Records excerpted from a collection:

Content starts

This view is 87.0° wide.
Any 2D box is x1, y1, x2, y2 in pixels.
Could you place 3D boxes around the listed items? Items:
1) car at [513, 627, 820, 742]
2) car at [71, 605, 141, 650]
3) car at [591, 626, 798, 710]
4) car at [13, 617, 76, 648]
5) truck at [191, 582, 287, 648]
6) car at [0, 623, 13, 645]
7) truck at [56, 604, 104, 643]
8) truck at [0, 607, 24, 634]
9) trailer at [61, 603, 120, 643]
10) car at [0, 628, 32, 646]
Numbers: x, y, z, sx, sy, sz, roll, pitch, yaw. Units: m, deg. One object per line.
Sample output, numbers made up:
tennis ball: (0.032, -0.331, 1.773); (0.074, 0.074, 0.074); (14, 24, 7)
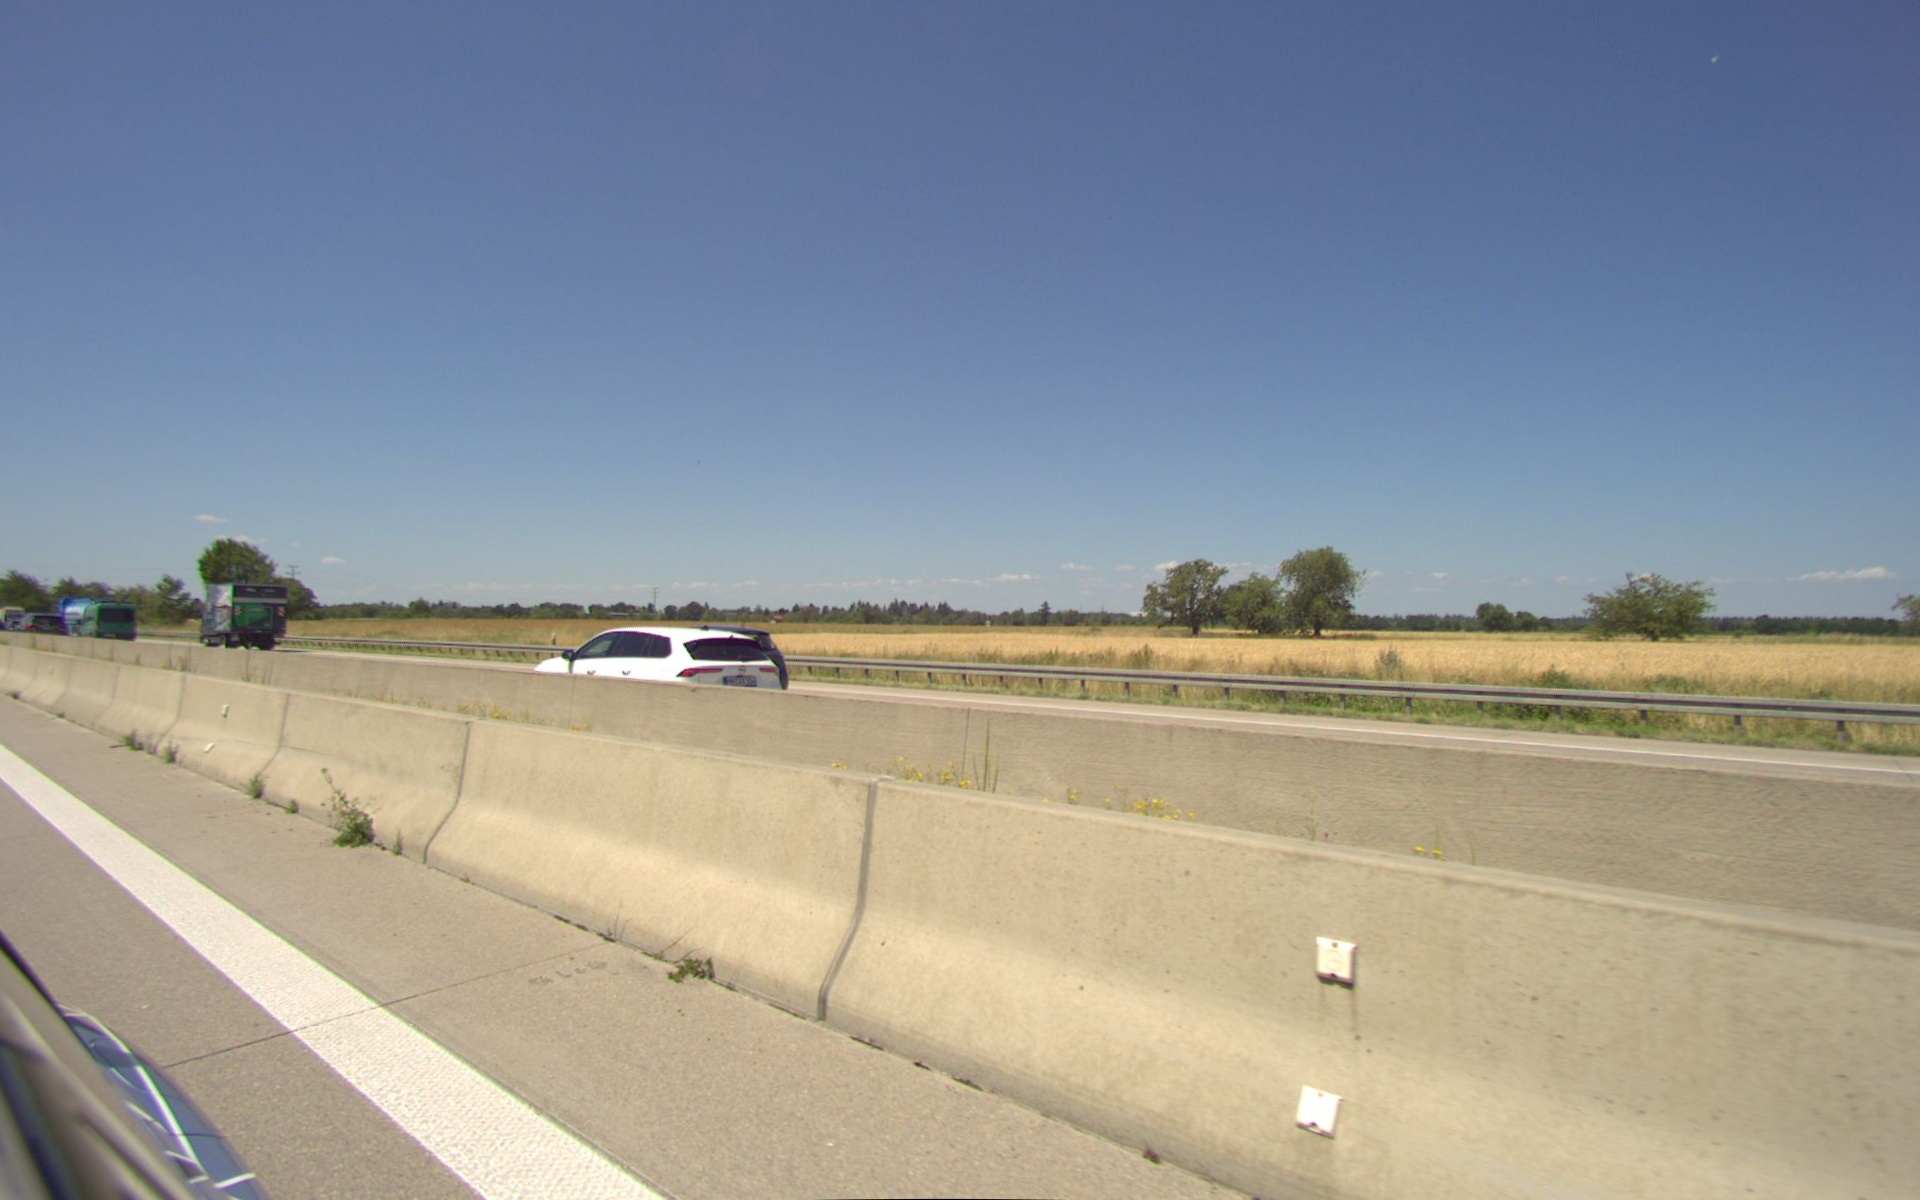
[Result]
car: (-4.297, 1.102, 14.439); (4.667, 1.374, 1.973); (-1, -4, 41)
car: (-51.543, 1.656, 61.035); (6.460, 2.570, 2.127); (-1, -3, 41)
car: (-5.640, 1.369, 21.215); (4.510, 1.572, 1.973); (-1, -4, 41)
car: (-49.765, 1.749, 55.011); (4.846, 1.588, 1.973); (-1, 0, 41)
truck: (-40.816, 0.902, 57.194); (7.880, 3.539, 2.528); (-1, -3, 41)
car: (-71.190, 2.496, 74.311); (4.886, 1.569, 1.920); (-1, -2, 41)
truck: (-78.443, 2.077, 90.231); (5.260, 3.334, 2.459); (-1, 0, 40)
truck: (-115.284, 2.465, 122.385); (6.974, 3.107, 2.298); (-1, 0, 41)
trailer: (-75.230, 1.973, 87.492); (9.246, 3.297, 2.489); (-1, 0, 40)
car: (-82.648, 3.203, 88.447); (4.705, 1.459, 1.702); (-1, 0, 41)

Content ends

#### [WHAT NEEDS TO BE DONE]
Retype exactly the lines of the data above that fall between the line with "Could you place" and the line with "10) car at [0, 628, 32, 646]", inclusive, and add nothing.

#### [REPLY]
Could you place 3D boxes around the listed items? Items:
1) car at [513, 627, 820, 742]
2) car at [71, 605, 141, 650]
3) car at [591, 626, 798, 710]
4) car at [13, 617, 76, 648]
5) truck at [191, 582, 287, 648]
6) car at [0, 623, 13, 645]
7) truck at [56, 604, 104, 643]
8) truck at [0, 607, 24, 634]
9) trailer at [61, 603, 120, 643]
10) car at [0, 628, 32, 646]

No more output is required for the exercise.